The ECJ answered question 3, whether, in addition to the requirements of Art. 9 GDPR, there must be at least one justification pursuant to Art. 6 (1) GDPR, with a clear "yes". The ECJ justified this systematically with the argument that Articles 5, 6 and 9 GDPR are in Chapter II "Principles". The ECJ once again clearly emphasized that any processing of personal data must comply with the principles set out in Art. 5 (1) GDPR and meet the conditions for lawfulness set out in Art. 6 GDPR. This means that Art. 9 and Art. 6 GDPR must always be read in conjunction.

Question 4:

On question 4, whether Art. 82 GDPR is exclusively intended to provide compensation or whether the claim for damages also has a deterrent or punitive purpose that is reflected in the compensation, the ECJ also finds clear words. Unlike Art. 83 and 84 GDPR, Art. 82 GDPR does not have a punitive purpose, but only a compensatory function. Reference is made to recital 146 sentence 6, according to which full and effective compensation for the damage suffered should be ensured.

Question 5:

With regard to the final question of whether the degree of fault is relevant when assessing the amount of damage and whether non-existent or minor fault on the part of the controller is to be taken into account in its favor, the ECJ clarifies that the claim for damages under Art. 82 GDPR presupposes fault on the part of the controller. However, fault is presumed and the burden of proof for no fault lies with the controller. As follows from the wording of Art. 24 and Art. 32 GDPR, the controller must take technical and organizational measures aimed at preventing any personal data breach as far as possible. If the controller had to compensate for any damage caused by processing in breach of the GDPR, regardless of culpability, this obligation would be called into question. In addition, the requirement of fault and the associated burden of proof on the controller creates a balance between the data subject and the controller.

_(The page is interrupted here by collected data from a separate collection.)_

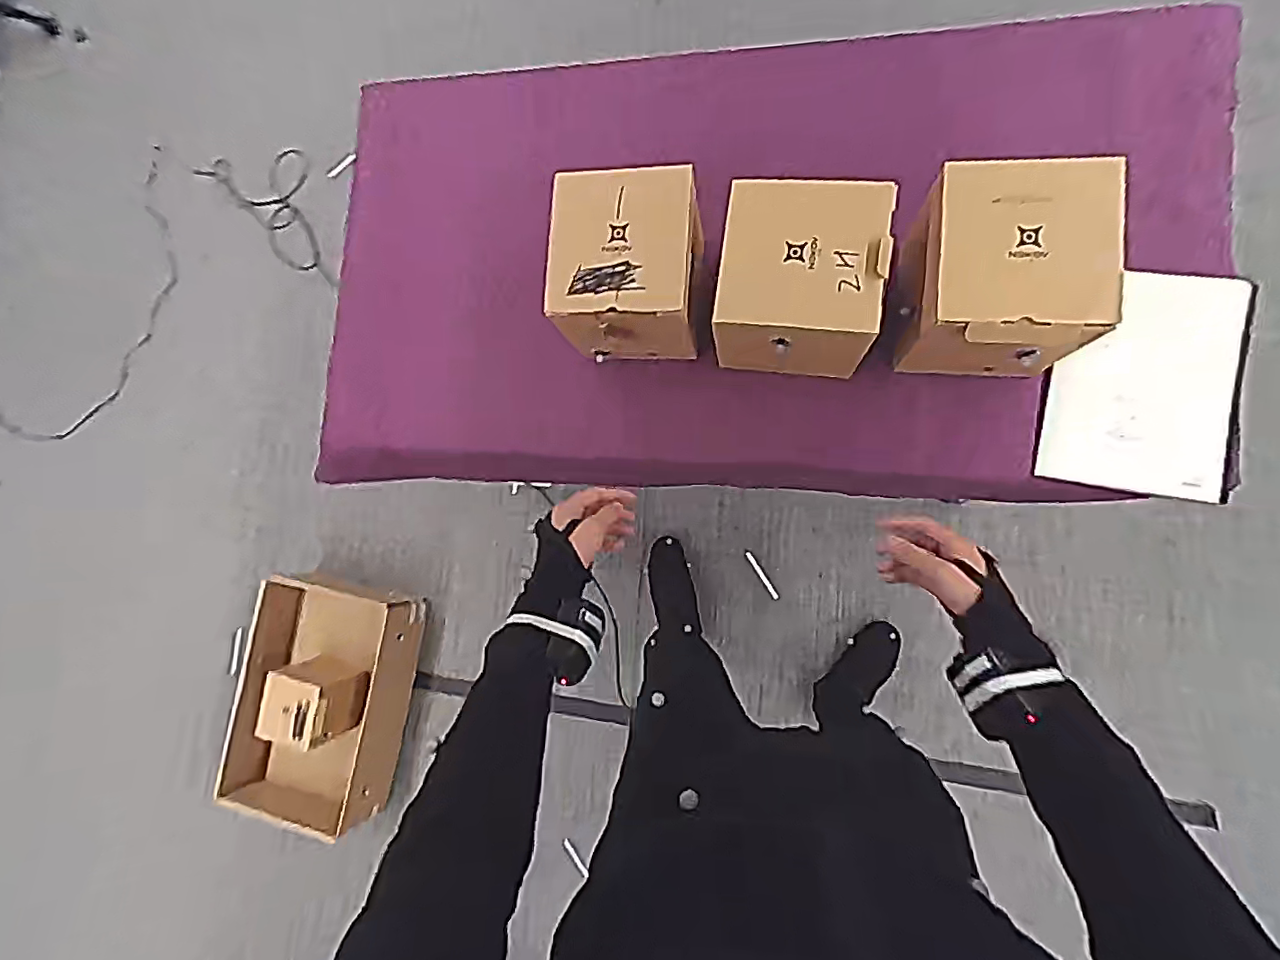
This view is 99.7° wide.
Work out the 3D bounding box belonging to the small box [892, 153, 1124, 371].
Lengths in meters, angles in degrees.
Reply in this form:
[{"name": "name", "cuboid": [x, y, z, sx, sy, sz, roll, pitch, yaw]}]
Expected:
[{"name": "small box", "cuboid": [0.396, -0.230, 0.612, 0.168, 0.176, 0.179, 5, 85, 11]}]

With regard to the assessment of damages, the ECJ points out that the national courts must apply the national provisions of the individual Member States on the extent of financial compensation when assessing damages, provided that principles of EU law are observed. However, Art. 82 GDPR does not require the degree of fault to be taken into account when assessing the amount of damages.

Possible effects

The decision could have an impact on Section 26 (3) BDSG (Federal Data Protection Act). According to this, the processing of special categories of data within the meaning of Art. 9 GDPR is permitted if it is necessary for the exercise of rights or the fulfillment of legal obligations under labor law, social security law and social protection law and there is no reason to assume that the data subject's legitimate interest in the exclusion of processing prevails. According to the Federal Labor Court, there is much to suggest that the collegial relationship between colleagues is damaged if one colleague has access to the health data of another. "Risks include - depending on the type of illness - damage to reputation, damage to standing or reputation and/or that the person being assessed is exposed to embarrassing situations or feels this way," according to the Federal Labor Court. The interests of the person concerned worthy of protection could prevail in this or a comparable case.

Conclusion

Health data enjoys increased protection in Europe. The ECJ has made this clear once again with this decision.

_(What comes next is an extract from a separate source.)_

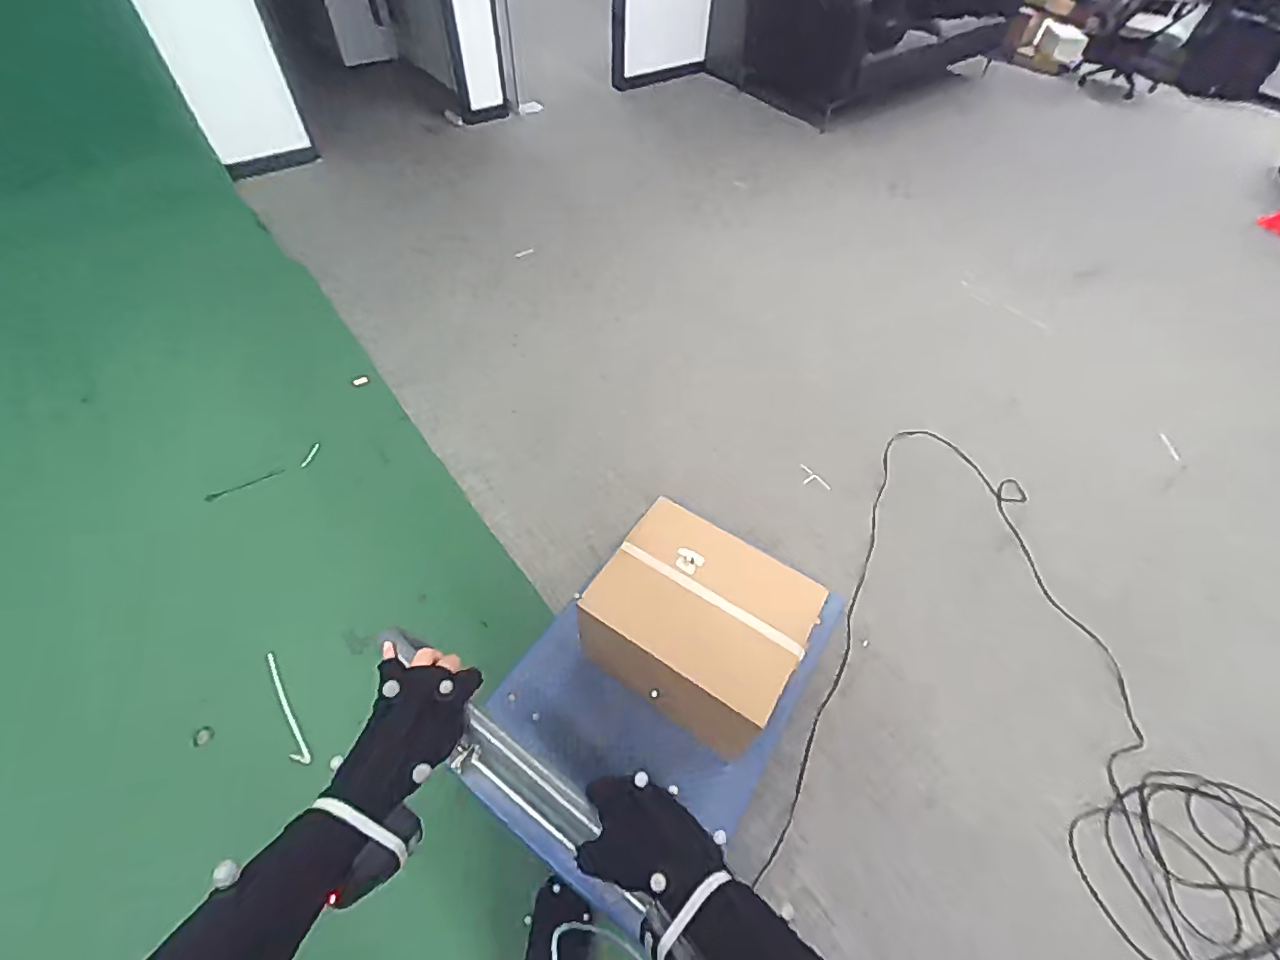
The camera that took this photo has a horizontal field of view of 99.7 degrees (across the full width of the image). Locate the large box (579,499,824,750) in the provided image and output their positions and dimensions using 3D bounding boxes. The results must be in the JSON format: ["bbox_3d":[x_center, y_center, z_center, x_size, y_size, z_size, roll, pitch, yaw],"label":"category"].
[{"bbox_3d":[0.124,0.317,1.188,0.408,0.320,0.320,29,57,18],"label":"large box"}]

In answering question 5, the ECJ has clarified with this decision that fault is not only a prerequisite in fine proceedings, as recently decided in the proceedings concerning Deutsche Wohnen (Update Data Protection No. 159 & Update Compliance 9/2023), but that this prerequisite also extends to claims for damages. Damages should only be compensated by Art. 82 GDPR. The standard does not have a more far-reaching punitive aspect.

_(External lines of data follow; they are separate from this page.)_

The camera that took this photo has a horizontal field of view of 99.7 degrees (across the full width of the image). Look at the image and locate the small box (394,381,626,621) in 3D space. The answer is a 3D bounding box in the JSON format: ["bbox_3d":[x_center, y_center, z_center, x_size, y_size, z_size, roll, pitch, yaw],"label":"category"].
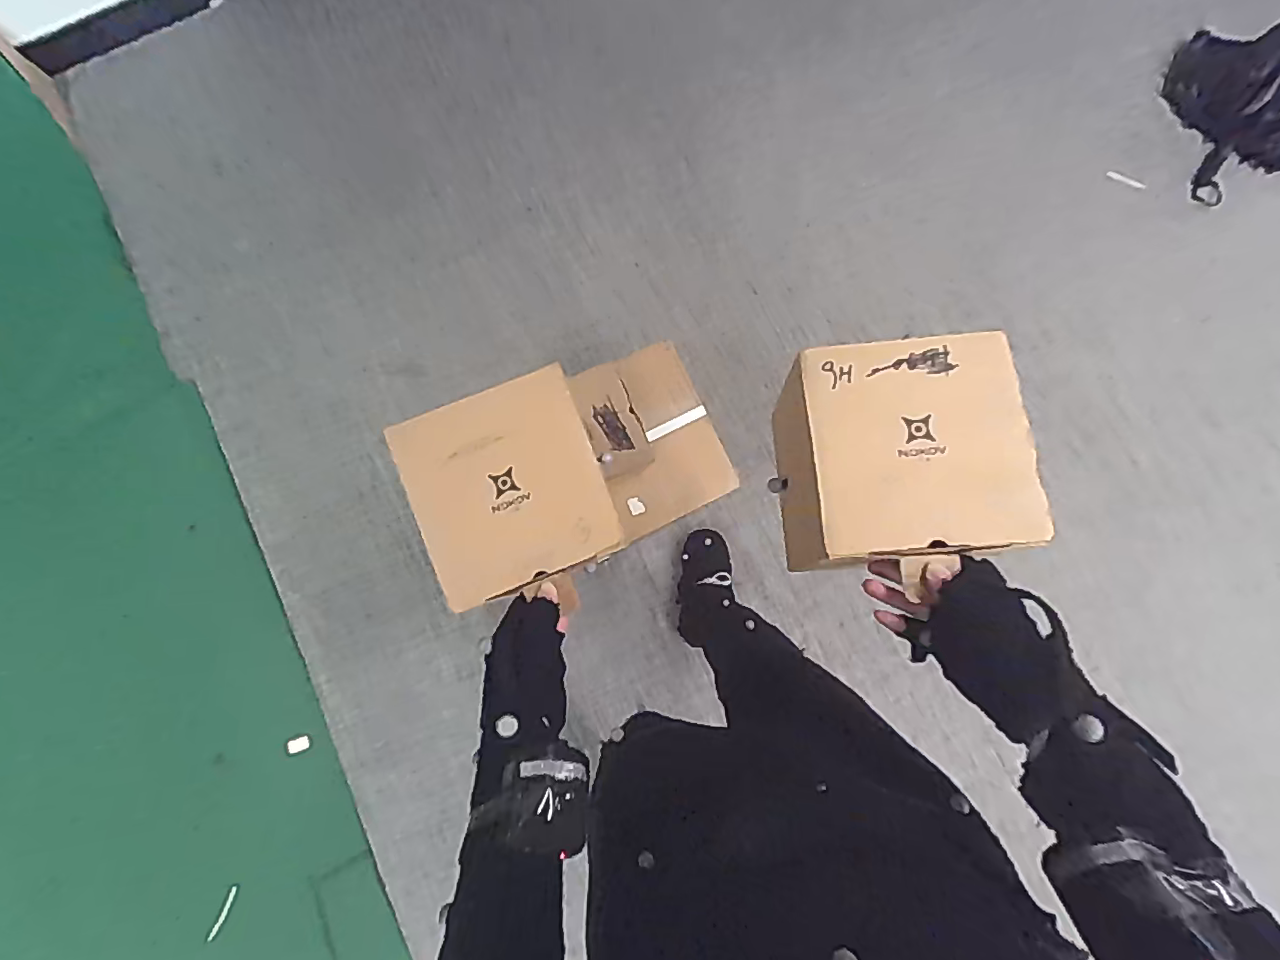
[{"bbox_3d":[-0.117,0.022,0.565,0.168,0.176,0.179,-23,86,-3],"label":"small box"}]

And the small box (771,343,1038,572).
[{"bbox_3d":[0.223,-0.005,0.508,0.168,0.176,0.179,-5,77,5],"label":"small box"}]

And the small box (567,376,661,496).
[{"bbox_3d":[-0.083,-0.049,0.894,0.179,0.176,0.168,-27,89,-3],"label":"small box"}]

The supreme court's confirmation of the reversal of the burden of proof contained in Art. 82 GDPR is significant. Companies that process personal data are all the more challenged to document their data protection in order to be able to defend themselves effectively against legal action in an emergency.

It remains questionable how courts assess the immaterial damage of fear or worry, or how much money is necessary to compensate for such damage.